Presupuesto 2026: ¿el Gobierno está repitiendo los problemas de este año?

El Ministerio de Hacienda ya destapó sus cartas con el presupuesto general del próximo año, y así como en el proyecto para 2025, llueven las críticas por la forma en que se va a financiar, el monto elevado y la delicada situación de las finanzas públicas. ¿Cuáles son los problemas del presupuesto?

Por: Laura Lucía Becerra Elejalde

El Gobierno de Gustavo Petro tiene un ambicioso plan para 2026: un presupuesto por 557 billones de pesos, el más alto de la historia, en un año en que el país necesita ajustar sus finanzas públicas. Las comisiones económicas del Congreso citaron para comenzar hoy los debates, con lo que se inicia la contrarreloj, pues deberán aprobar el monto antes del 15 de septiembre.

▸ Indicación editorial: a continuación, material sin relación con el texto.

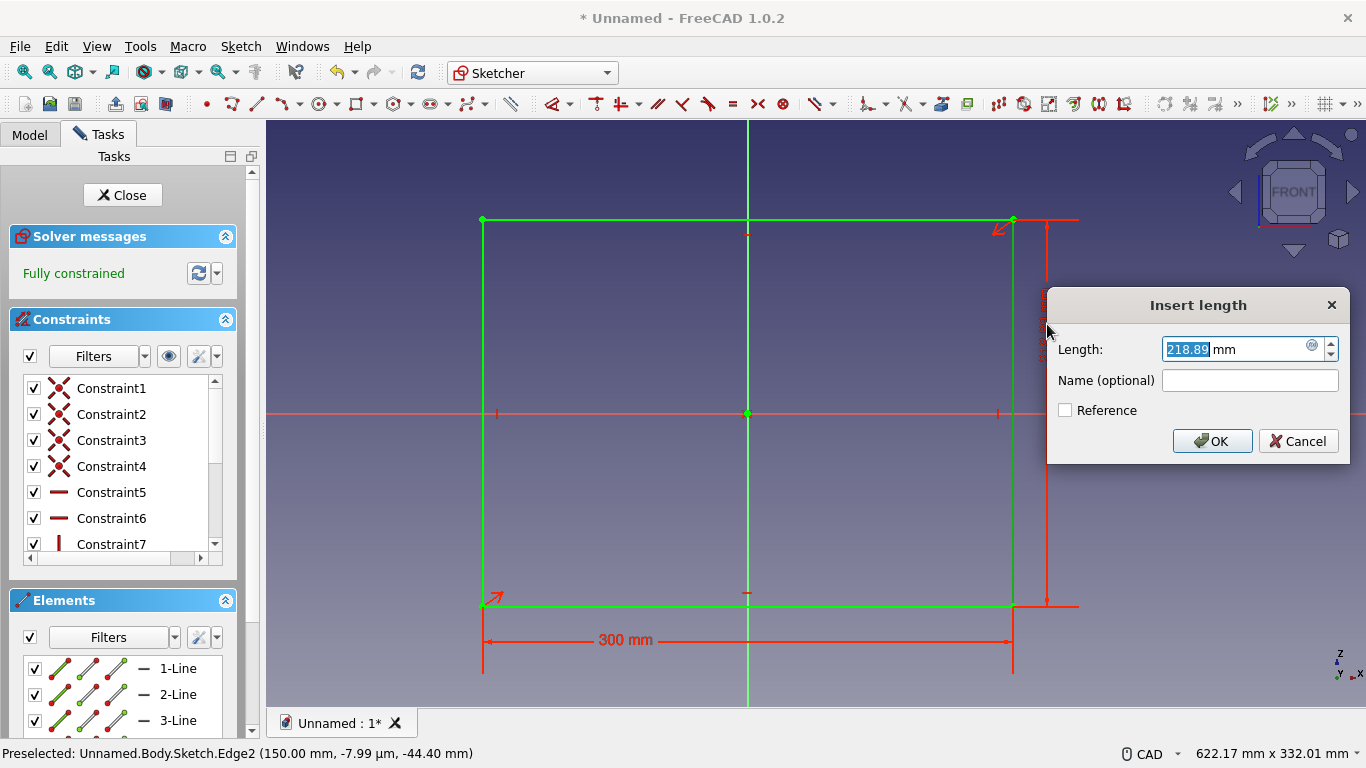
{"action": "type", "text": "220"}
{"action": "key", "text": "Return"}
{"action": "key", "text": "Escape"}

El ministro de Hacienda, Germán Ávila, sacó pecho cuando se radicó el proyecto a finales de julio en la Cámara de Representantes y aseguró que este proyecto es un esfuerzo dirigido a garantizar las metas del plan nacional de desarrollo. Los expertos no opinan lo mismo. Según ellos, el nuevo presupuesto repite varios de los problemas del proyecto del año pasado –el primero desde la Constitución de 1991 que no es aprobado por el Legislativo y debe emitirse por decreto– y su camino en el Congreso podría ser turbulento una vez más.

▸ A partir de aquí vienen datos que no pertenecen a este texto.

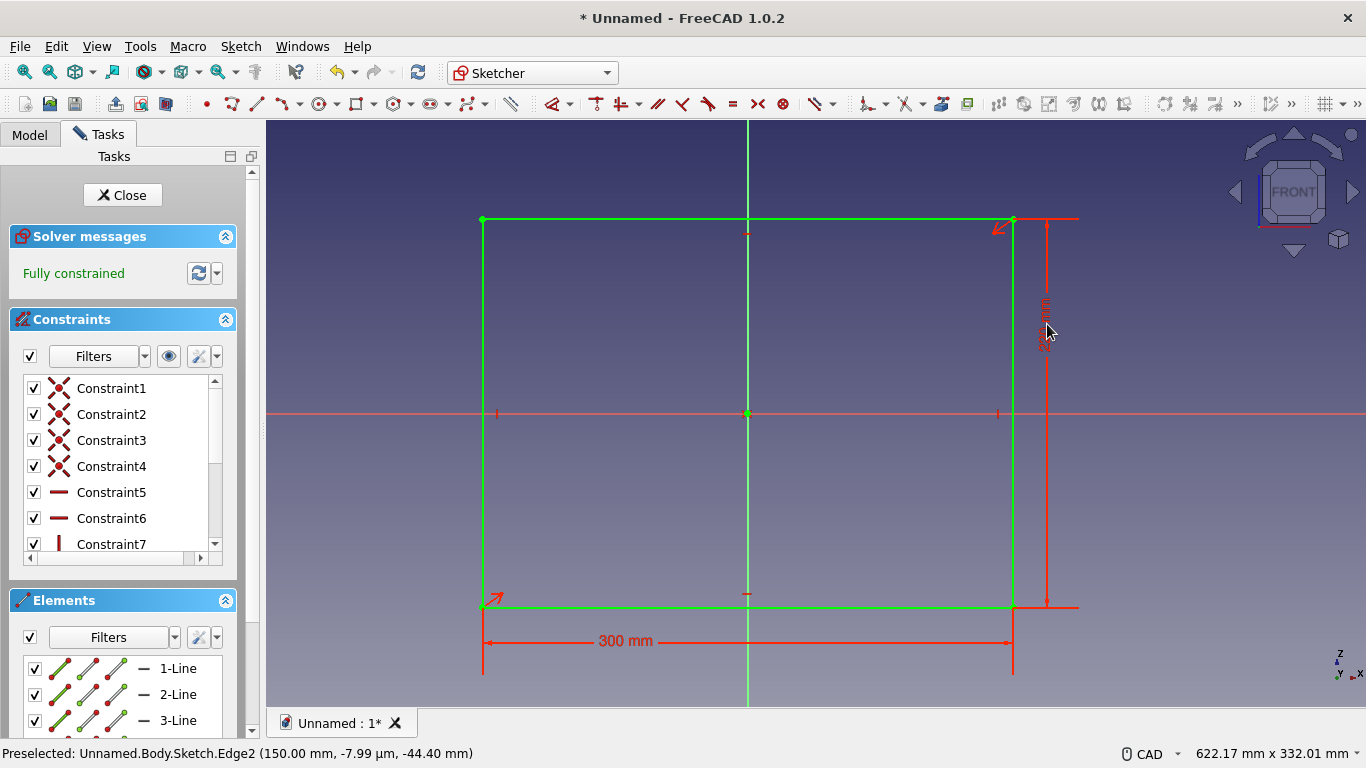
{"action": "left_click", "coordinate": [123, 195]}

Si el proyecto del presupuesto para el año entrante se aprueba tal y como lo presentó el Gobierno, significaría un aumento de 6,5 por ciento en comparación con los 523 billones que buscaba el Gobierno para el presupuesto de 2025 y que aprobó por decreto. Una diferencia de 34 billones de pesos.

El presupuesto colombiano se distribuye en tres grandes rubros. El primero, y el más grande, corresponde a los gastos de funcionamiento, que incluyen todos los gastos que requiere la nación para operar. Para el próximo año, las cuentas del Gobierno de Petro apuntan a necesidades de gasto por 365 billones, un aumento de 11,1 por ciento, o 36 billones, en comparación con los 329 billones contemplados en 2025, según los datos que el Gobierno entregó.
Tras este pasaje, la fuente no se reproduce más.